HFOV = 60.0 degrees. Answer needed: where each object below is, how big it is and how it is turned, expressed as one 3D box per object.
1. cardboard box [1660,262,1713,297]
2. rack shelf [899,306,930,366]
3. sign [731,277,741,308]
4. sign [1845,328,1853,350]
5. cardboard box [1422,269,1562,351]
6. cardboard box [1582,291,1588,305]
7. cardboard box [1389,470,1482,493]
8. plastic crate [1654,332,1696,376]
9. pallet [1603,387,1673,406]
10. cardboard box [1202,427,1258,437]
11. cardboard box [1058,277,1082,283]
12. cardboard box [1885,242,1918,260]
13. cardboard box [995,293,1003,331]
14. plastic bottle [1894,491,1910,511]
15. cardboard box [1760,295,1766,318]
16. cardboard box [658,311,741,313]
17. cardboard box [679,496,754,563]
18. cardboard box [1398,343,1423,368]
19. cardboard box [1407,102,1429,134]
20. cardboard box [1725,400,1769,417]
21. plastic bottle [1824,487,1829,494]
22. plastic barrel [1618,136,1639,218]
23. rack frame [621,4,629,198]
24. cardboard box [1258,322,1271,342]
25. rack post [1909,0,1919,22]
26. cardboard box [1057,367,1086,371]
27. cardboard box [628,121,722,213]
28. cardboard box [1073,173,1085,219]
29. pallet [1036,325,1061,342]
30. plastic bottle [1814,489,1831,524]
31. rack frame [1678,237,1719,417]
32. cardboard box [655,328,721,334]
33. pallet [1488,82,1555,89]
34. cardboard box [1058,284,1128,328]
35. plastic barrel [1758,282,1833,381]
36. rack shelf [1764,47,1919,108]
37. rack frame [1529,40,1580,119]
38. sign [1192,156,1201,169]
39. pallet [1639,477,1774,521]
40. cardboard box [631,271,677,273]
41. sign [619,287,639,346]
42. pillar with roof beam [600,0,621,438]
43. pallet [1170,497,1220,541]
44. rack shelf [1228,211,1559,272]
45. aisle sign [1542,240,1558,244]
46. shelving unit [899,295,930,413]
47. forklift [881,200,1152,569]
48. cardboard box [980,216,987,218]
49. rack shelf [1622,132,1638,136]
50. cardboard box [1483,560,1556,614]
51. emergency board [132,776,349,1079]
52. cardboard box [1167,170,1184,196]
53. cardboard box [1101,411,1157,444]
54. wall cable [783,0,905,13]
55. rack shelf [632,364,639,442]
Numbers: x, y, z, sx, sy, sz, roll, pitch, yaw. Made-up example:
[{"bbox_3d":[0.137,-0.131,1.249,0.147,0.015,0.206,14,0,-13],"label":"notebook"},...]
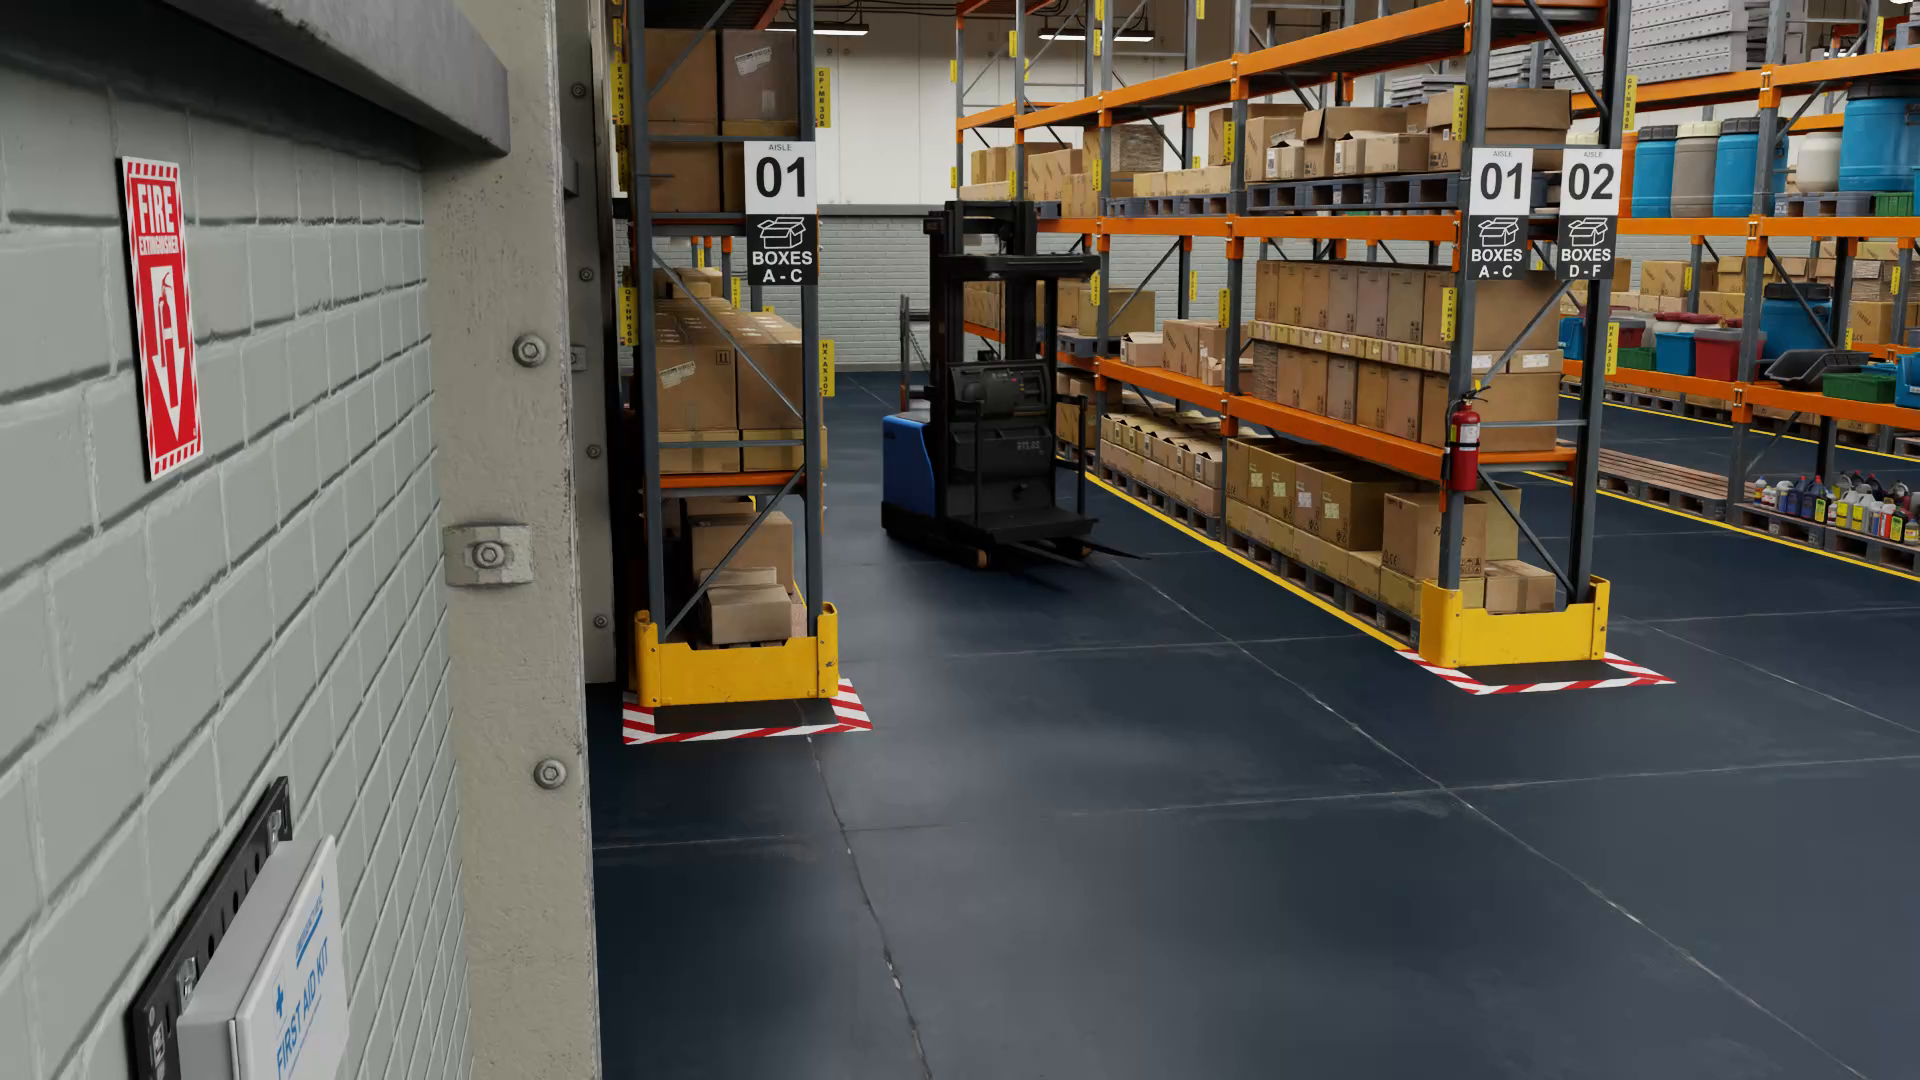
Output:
[{"bbox_3d":[10.587,-3.800,24.237,0.500,0.500,0.500,-2,11,-9],"label":"cardboard box"},{"bbox_3d":[-0.322,-1.877,15.271,0.431,0.518,0.480,-1,11,-7],"label":"rack shelf"},{"bbox_3d":[-2.329,-2.561,17.247,0.100,0.325,0.005,-2,11,-11],"label":"sign"},{"bbox_3d":[8.178,-1.791,15.342,0.100,0.325,0.005,-2,11,-11],"label":"sign"},{"bbox_3d":[3.466,-1.506,10.849,0.700,0.500,0.500,-2,11,-11],"label":"cardboard box"},{"bbox_3d":[10.191,-3.805,26.271,0.500,0.250,0.500,-2,11,-13],"label":"cardboard box"},{"bbox_3d":[3.459,-0.237,12.144,0.500,0.500,0.500,-2,11,-11],"label":"cardboard box"},{"bbox_3d":[7.116,-1.820,16.279,0.392,0.384,0.575,-2,11,-11],"label":"plastic crate"},{"bbox_3d":[10.627,-2.281,26.115,1.003,0.211,1.213,-2,11,-11],"label":"pallet"},{"bbox_3d":[2.640,-0.955,16.423,0.500,0.311,0.500,-2,11,-9],"label":"cardboard box"},{"bbox_3d":[1.405,-3.562,22.445,0.500,0.500,0.500,-2,11,-10],"label":"cardboard box"},{"bbox_3d":[15.159,-4.492,26.539,0.500,0.500,0.500,-2,11,-13],"label":"cardboard box"},{"bbox_3d":[0.770,-3.151,22.959,0.500,0.500,0.500,-2,11,-9],"label":"cardboard box"},{"bbox_3d":[8.068,-0.283,14.247,0.061,0.283,0.133,-2,11,-11],"label":"plastic bottle"},{"bbox_3d":[10.978,-3.056,22.462,0.500,0.500,0.500,-2,11,-12],"label":"cardboard box"},{"bbox_3d":[-2.147,-1.636,13.827,0.700,0.500,0.500,-2,11,-11],"label":"cardboard box"},{"bbox_3d":[-1.841,-0.076,12.581,0.500,0.500,0.500,-3,11,-15],"label":"cardboard box"},{"bbox_3d":[3.191,-1.249,11.237,0.380,0.149,0.250,-2,11,-12],"label":"cardboard box"},{"bbox_3d":[3.500,-2.836,11.787,0.500,0.500,0.500,-2,11,-11],"label":"cardboard box"},{"bbox_3d":[11.257,-2.166,22.614,1.225,0.875,0.875,-3,11,-13],"label":"cardboard box"},{"bbox_3d":[7.533,-0.327,14.514,0.097,0.271,0.097,0,11,0],"label":"plastic bottle"},{"bbox_3d":[6.932,-3.776,17.344,0.600,0.830,0.708,-2,11,-11],"label":"plastic barrel"},{"bbox_3d":[-3.638,-5.691,20.529,1.000,3.000,0.127,-2,11,-11],"label":"rack frame"},{"bbox_3d":[2.688,-1.723,13.723,0.380,0.149,0.250,-2,11,-10],"label":"cardboard box"},{"bbox_3d":[8.006,-4.167,12.726,0.937,0.300,0.954,-2,11,-12],"label":"rack post"},{"bbox_3d":[1.270,-2.000,20.686,0.500,0.250,0.500,-2,11,-11],"label":"cardboard box"},{"bbox_3d":[-1.633,-2.143,9.588,0.500,0.500,0.500,-1,11,-7],"label":"cardboard box"},{"bbox_3d":[1.781,-3.886,18.801,0.910,0.500,0.500,-2,11,-11],"label":"cardboard box"},{"bbox_3d":[1.269,-2.680,21.267,1.003,0.211,1.213,-2,11,-11],"label":"pallet"},{"bbox_3d":[7.414,-0.289,14.280,0.061,0.283,0.133,-2,11,-8],"label":"plastic bottle"},{"bbox_3d":[10.938,-3.284,23.929,1.000,3.000,0.127,-2,11,-11],"label":"rack frame"},{"bbox_3d":[-1.797,-1.113,10.866,0.500,0.500,0.500,-2,11,-13],"label":"cardboard box"},{"bbox_3d":[6.748,-5.162,19.323,1.213,0.211,1.003,-2,11,-11],"label":"pallet"},{"bbox_3d":[1.625,-2.858,20.300,0.700,0.500,0.500,-5,12,-25],"label":"cardboard box"},{"bbox_3d":[7.858,-1.965,15.657,0.600,0.901,0.708,-2,11,-11],"label":"plastic barrel"},{"bbox_3d":[8.025,-3.667,12.890,1.077,0.370,4.000,-2,11,-11],"label":"rack shelf"},{"bbox_3d":[6.858,-5.317,18.567,1.000,3.000,0.127,-2,11,-11],"label":"rack frame"},{"bbox_3d":[2.545,-3.976,17.947,0.100,0.325,0.005,-2,11,-11],"label":"sign"},{"bbox_3d":[7.445,-0.410,16.284,1.003,0.211,1.213,-2,11,-11],"label":"pallet"},{"bbox_3d":[-3.496,-2.940,18.999,0.500,0.250,0.500,-2,11,-12],"label":"cardboard box"},{"bbox_3d":[-1.852,-1.250,9.302,0.100,0.325,0.005,-2,11,-11],"label":"sign"},{"bbox_3d":[-0.400,-5.944,21.860,9.100,9.000,0.400,-2,11,-11],"label":"pillar with roof beam"},{"bbox_3d":[2.595,-0.221,15.294,1.003,0.211,1.213,-2,11,-11],"label":"pallet"},{"bbox_3d":[3.166,-2.211,12.190,1.077,0.370,4.000,-2,11,-11],"label":"rack shelf"},{"bbox_3d":[9.852,-5.297,27.552,0.394,0.787,0.004,-2,11,-11],"label":"aisle sign"},{"bbox_3d":[-0.322,-1.203,15.399,0.431,2.100,0.503,-1,11,-7],"label":"shelving unit"},{"bbox_3d":[0.448,-1.298,13.677,1.130,2.935,3.031,-6,12,-28],"label":"forklift"},{"bbox_3d":[0.580,-4.679,23.638,0.500,0.250,0.500,-2,11,-11],"label":"cardboard box"},{"bbox_3d":[10.549,-6.048,25.400,1.077,0.370,4.000,-2,11,-11],"label":"rack shelf"},{"bbox_3d":[3.668,0.314,11.254,0.500,0.250,0.500,-2,11,-11],"label":"cardboard box"},{"bbox_3d":[-0.678,0.915,1.865,0.194,1.169,0.643,-2,11,-11],"label":"emergency board"},{"bbox_3d":[2.362,-3.515,16.398,0.500,0.250,0.500,-2,11,-12],"label":"cardboard box"},{"bbox_3d":[1.812,-1.215,17.790,0.500,0.311,0.500,-2,11,-9],"label":"cardboard box"},{"bbox_3d":[-2.512,-8.529,30.236,3.097,2.526,0.112,-2,11,-11],"label":"wall cable"},{"bbox_3d":[-2.471,-1.290,15.375,1.077,0.370,4.000,-2,11,-11],"label":"rack shelf"}]

● ● ● ● ● ● ●

-- What needs to be done --
Above are the lines; repeat exactly the ones from the line containing "26. cardboard box [1057,367,1086,371]" down to the line containing "43. pallet [1170,497,1220,541]", both inclusive.

-- Exercise result --
26. cardboard box [1057,367,1086,371]
27. cardboard box [628,121,722,213]
28. cardboard box [1073,173,1085,219]
29. pallet [1036,325,1061,342]
30. plastic bottle [1814,489,1831,524]
31. rack frame [1678,237,1719,417]
32. cardboard box [655,328,721,334]
33. pallet [1488,82,1555,89]
34. cardboard box [1058,284,1128,328]
35. plastic barrel [1758,282,1833,381]
36. rack shelf [1764,47,1919,108]
37. rack frame [1529,40,1580,119]
38. sign [1192,156,1201,169]
39. pallet [1639,477,1774,521]
40. cardboard box [631,271,677,273]
41. sign [619,287,639,346]
42. pillar with roof beam [600,0,621,438]
43. pallet [1170,497,1220,541]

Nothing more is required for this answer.